→ HOW TO COMPLETE THIS TASK
The entries below should be written out again exactly as they stand.

##########

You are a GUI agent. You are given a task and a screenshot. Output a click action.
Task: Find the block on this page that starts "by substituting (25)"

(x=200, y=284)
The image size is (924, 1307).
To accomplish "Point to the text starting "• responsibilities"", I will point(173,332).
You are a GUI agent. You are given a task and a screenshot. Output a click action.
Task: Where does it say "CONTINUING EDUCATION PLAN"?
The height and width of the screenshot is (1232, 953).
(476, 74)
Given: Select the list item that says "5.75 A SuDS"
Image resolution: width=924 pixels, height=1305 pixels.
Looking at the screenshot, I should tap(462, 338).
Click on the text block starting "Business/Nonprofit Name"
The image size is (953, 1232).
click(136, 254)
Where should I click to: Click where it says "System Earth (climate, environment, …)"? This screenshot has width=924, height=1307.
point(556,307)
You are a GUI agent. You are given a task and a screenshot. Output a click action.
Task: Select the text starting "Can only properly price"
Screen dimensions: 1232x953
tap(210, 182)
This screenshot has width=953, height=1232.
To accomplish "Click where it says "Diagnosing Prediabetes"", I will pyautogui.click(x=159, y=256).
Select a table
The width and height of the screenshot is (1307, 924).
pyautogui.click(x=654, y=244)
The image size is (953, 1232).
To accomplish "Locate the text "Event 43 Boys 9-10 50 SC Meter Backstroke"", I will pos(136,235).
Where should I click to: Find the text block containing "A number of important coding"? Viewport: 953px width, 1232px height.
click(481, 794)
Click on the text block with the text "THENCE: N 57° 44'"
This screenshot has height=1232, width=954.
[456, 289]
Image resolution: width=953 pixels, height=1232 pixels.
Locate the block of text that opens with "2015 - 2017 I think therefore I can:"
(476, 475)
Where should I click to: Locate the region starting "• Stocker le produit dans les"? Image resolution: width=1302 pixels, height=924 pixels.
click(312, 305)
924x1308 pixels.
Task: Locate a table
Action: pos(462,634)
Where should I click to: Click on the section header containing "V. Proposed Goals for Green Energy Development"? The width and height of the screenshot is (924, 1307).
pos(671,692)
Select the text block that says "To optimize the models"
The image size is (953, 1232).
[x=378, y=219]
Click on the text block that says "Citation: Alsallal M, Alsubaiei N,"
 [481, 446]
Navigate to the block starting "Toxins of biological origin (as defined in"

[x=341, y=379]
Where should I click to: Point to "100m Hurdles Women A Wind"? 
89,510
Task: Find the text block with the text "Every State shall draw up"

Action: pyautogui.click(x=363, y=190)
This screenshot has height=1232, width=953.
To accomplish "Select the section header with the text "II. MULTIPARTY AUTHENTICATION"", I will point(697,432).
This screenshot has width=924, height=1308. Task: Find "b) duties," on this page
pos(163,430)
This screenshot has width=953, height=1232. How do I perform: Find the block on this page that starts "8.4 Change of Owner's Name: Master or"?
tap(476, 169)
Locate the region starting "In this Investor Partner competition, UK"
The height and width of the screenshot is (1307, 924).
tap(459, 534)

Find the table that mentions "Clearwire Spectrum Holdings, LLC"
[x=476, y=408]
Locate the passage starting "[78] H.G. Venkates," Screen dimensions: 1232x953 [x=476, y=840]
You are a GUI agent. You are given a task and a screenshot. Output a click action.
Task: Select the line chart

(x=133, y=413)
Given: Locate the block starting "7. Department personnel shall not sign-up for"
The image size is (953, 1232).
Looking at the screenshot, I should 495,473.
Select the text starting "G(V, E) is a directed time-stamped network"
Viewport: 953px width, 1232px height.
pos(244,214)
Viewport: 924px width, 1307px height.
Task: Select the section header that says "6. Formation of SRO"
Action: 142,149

##########

→ TASK OUTPUT
You are a GUI agent. You are given a task and a screenshot. Output a click action.
Task: Find the block on this page that starts "by substituting (25)"

(x=200, y=284)
The image size is (924, 1307).
To accomplish "Point to the text starting "• responsibilities"", I will point(173,332).
You are a GUI agent. You are given a task and a screenshot. Output a click action.
Task: Where does it say "CONTINUING EDUCATION PLAN"?
The height and width of the screenshot is (1232, 953).
(476, 74)
Given: Select the list item that says "5.75 A SuDS"
Image resolution: width=924 pixels, height=1305 pixels.
Looking at the screenshot, I should tap(462, 338).
Click on the text block starting "Business/Nonprofit Name"
The image size is (953, 1232).
click(136, 254)
Where should I click to: Click where it says "System Earth (climate, environment, …)"? This screenshot has width=924, height=1307.
point(556,307)
You are a GUI agent. You are given a task and a screenshot. Output a click action.
Task: Select the text starting "Can only properly price"
Screen dimensions: 1232x953
tap(210, 182)
This screenshot has width=953, height=1232.
To accomplish "Click where it says "Diagnosing Prediabetes"", I will pyautogui.click(x=159, y=256).
Select a table
The width and height of the screenshot is (1307, 924).
pyautogui.click(x=654, y=244)
The image size is (953, 1232).
To accomplish "Locate the text "Event 43 Boys 9-10 50 SC Meter Backstroke"", I will pos(136,235).
Where should I click to: Find the text block containing "A number of important coding"? Viewport: 953px width, 1232px height.
click(481, 794)
Click on the text block with the text "THENCE: N 57° 44'"
This screenshot has height=1232, width=954.
[456, 289]
Image resolution: width=953 pixels, height=1232 pixels.
Locate the block of text that opens with "2015 - 2017 I think therefore I can:"
(476, 475)
Where should I click to: Locate the region starting "• Stocker le produit dans les"? Image resolution: width=1302 pixels, height=924 pixels.
click(312, 305)
924x1308 pixels.
Task: Locate a table
Action: pos(462,634)
Where should I click to: Click on the section header containing "V. Proposed Goals for Green Energy Development"? The width and height of the screenshot is (924, 1307).
pos(671,692)
Select the text block that says "To optimize the models"
The image size is (953, 1232).
[x=378, y=219]
Click on the text block that says "Citation: Alsallal M, Alsubaiei N,"
 [481, 446]
Navigate to the block starting "Toxins of biological origin (as defined in"

[x=341, y=379]
Where should I click to: Point to "100m Hurdles Women A Wind"? 
89,510
Task: Find the text block with the text "Every State shall draw up"

Action: pyautogui.click(x=363, y=190)
This screenshot has height=1232, width=953.
To accomplish "Select the section header with the text "II. MULTIPARTY AUTHENTICATION"", I will point(697,432).
This screenshot has width=924, height=1308. Task: Find "b) duties," on this page
pos(163,430)
This screenshot has width=953, height=1232. How do I perform: Find the block on this page that starts "8.4 Change of Owner's Name: Master or"?
tap(476, 169)
Locate the region starting "In this Investor Partner competition, UK"
The height and width of the screenshot is (1307, 924).
tap(459, 534)

Find the table that mentions "Clearwire Spectrum Holdings, LLC"
[x=476, y=408]
Locate the passage starting "[78] H.G. Venkates," Screen dimensions: 1232x953 [x=476, y=840]
You are a GUI agent. You are given a task and a screenshot. Output a click action.
Task: Select the line chart

(x=133, y=413)
Given: Locate the block starting "7. Department personnel shall not sign-up for"
The image size is (953, 1232).
Looking at the screenshot, I should 495,473.
Select the text starting "G(V, E) is a directed time-stamped network"
Viewport: 953px width, 1232px height.
pos(244,214)
Viewport: 924px width, 1307px height.
Task: Select the section header that says "6. Formation of SRO"
Action: 142,149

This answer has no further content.